Before we dive into the behaviors, we need some context of the simulation. First, if a Boid leaves the screen it is deleted. Second, the maximum speed of the Boids are controlled by the “Max Speed” slider which can be changed dynamically. Finally, the Crumb type represents the trail that Boids leave. They’re initiated in an object pool, colored like their parent Boid, placed, and their radius scaled with delta time. Once they reach a certain size they’re returned to the pool. Now on to the behaviors!
I started with implementing a Kinematic Seek. Unlike the Dynamic Steering algorithms, Kinematic Seek hard-sets the Boid’s velocity and orientation, causing it to always face and move towards its target are the prescribed maximum speed. This algorithm is incredibly simple, and to be frank it’s the least interesting in this assignment.
The next was Dynamic Seek, but before we dive into it, we should enumerate the differences between a Kinematic Steering function and a DynamicSteering output. As I mentioned, Kinematic Steering methods change the active Boid’s Kinematic properties, but Dynamic Steering methods do no such thing. Instead, they return a DynamicSteering output containing a linear acceleration and a new orientation target. These outputs are handled in a consistent way through the Kinematic::ProcessSteering method. Back to Dynamic Seek. This algorithm has two ‘modes.’ The two modes are differentiated by their behavior approaching the target. The difference is shown below.
In both, the active Boid has an acceleration applied towards the target each frame. It’s important to note that before accelerations are applied, the Boid experiences drag based on its Kinematic property. This way the Boid moves like a realistic object. Below are two gifs showing the difference drag makes.
As you can see, without drag the Boid moves like it’s in a vacuum.

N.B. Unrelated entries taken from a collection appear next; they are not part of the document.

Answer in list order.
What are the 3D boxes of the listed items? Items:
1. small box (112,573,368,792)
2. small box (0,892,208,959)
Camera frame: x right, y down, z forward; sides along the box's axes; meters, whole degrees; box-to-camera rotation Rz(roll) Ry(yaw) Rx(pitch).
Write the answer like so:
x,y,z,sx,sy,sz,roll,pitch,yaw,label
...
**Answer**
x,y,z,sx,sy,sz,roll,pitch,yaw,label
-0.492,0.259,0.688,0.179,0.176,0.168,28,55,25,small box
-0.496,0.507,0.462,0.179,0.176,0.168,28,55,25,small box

The next movement algorithm is Dynamic Wander. It works by accelerating the orientation of the active Boid in a direction and magnitude scaled with (random[0,1) – random[0,1)). This random expression gives a normal distribution centered at 0, with limits at +/- 1. This behavior looks a little bit twitchy, but behaves as you would expect. Below are two examples of Dynamic Wander, with different orientation variance values.
The final (and most interesting!) is Flocking. This works by linearly combining three different DynamicSteering outputs, scaled to produce the most appealing result. The three behaviors were: each flocking Boid must avoid all other members of the flock (Dynamic Flee), they must seek to match the velocity of the flock leader (Dynamic Velocity Match), and finally they must continuously seek the leader (Dynamic Seek). I noticed that to get the best behavior, the leader-seeking DyanmicSteering needed to be scaled up, and the avoidance scaled down. I also found that this simulation will continuously seek an equilibrium condition, and to avoid this it was best to introduce randomness. See snippet below.

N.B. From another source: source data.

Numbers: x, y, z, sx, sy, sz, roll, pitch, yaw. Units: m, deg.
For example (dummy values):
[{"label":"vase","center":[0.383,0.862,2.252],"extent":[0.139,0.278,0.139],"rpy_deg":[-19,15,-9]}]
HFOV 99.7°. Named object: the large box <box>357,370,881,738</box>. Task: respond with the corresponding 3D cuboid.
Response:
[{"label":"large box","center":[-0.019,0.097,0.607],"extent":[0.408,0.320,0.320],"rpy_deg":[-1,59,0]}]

This significantly improved the believability of the flocking behavior. Flocking can be set up to follow a wandering Boid, or the flock leader can dynamically seek the cursor. The latter is shown below.

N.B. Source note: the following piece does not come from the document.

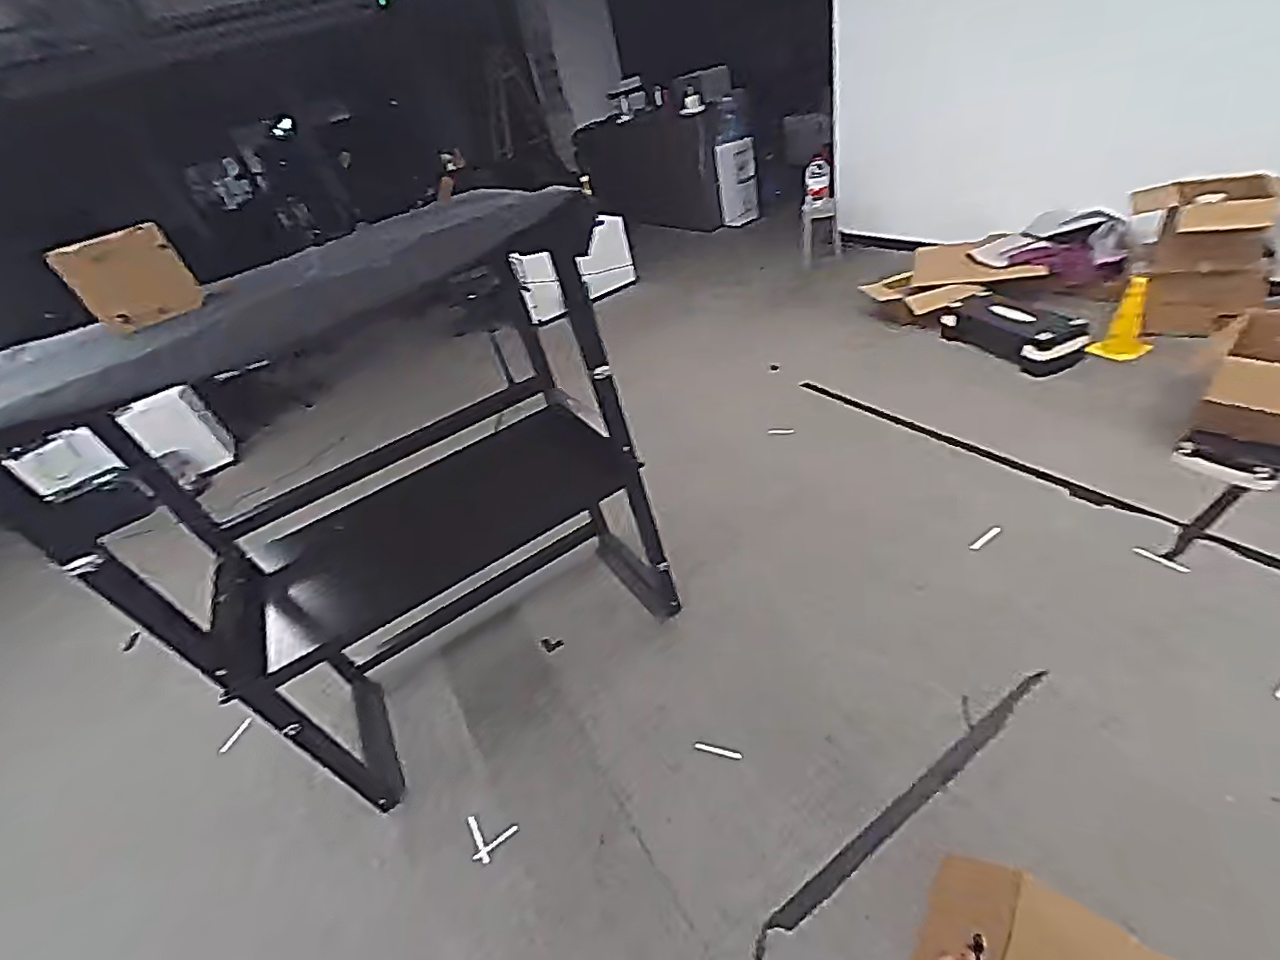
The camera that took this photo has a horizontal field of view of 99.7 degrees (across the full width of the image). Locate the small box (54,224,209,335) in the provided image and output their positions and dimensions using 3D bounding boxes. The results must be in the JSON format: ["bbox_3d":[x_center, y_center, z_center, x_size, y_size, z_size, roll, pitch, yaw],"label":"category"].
[{"bbox_3d":[-1.072,-0.429,1.161,0.168,0.176,0.179,-30,38,-17],"label":"small box"}]

I’m not very happy with this flocking behavior, and it really needs more tuning. It’s still settling into a equilibrium condition. I think that I’ll limit it’s seek to update every second or so, but we’ll see. Check back in the future for updates.
There were a lot of really interesting elements of this assignment, and while it took a long time I really enjoyed doing it. I think that it’s really interesting that in a setup like this you can simply combine different steering behaviors to create emergent behavior. I can definitely see myself playing around with different combinations to see how they affect each other.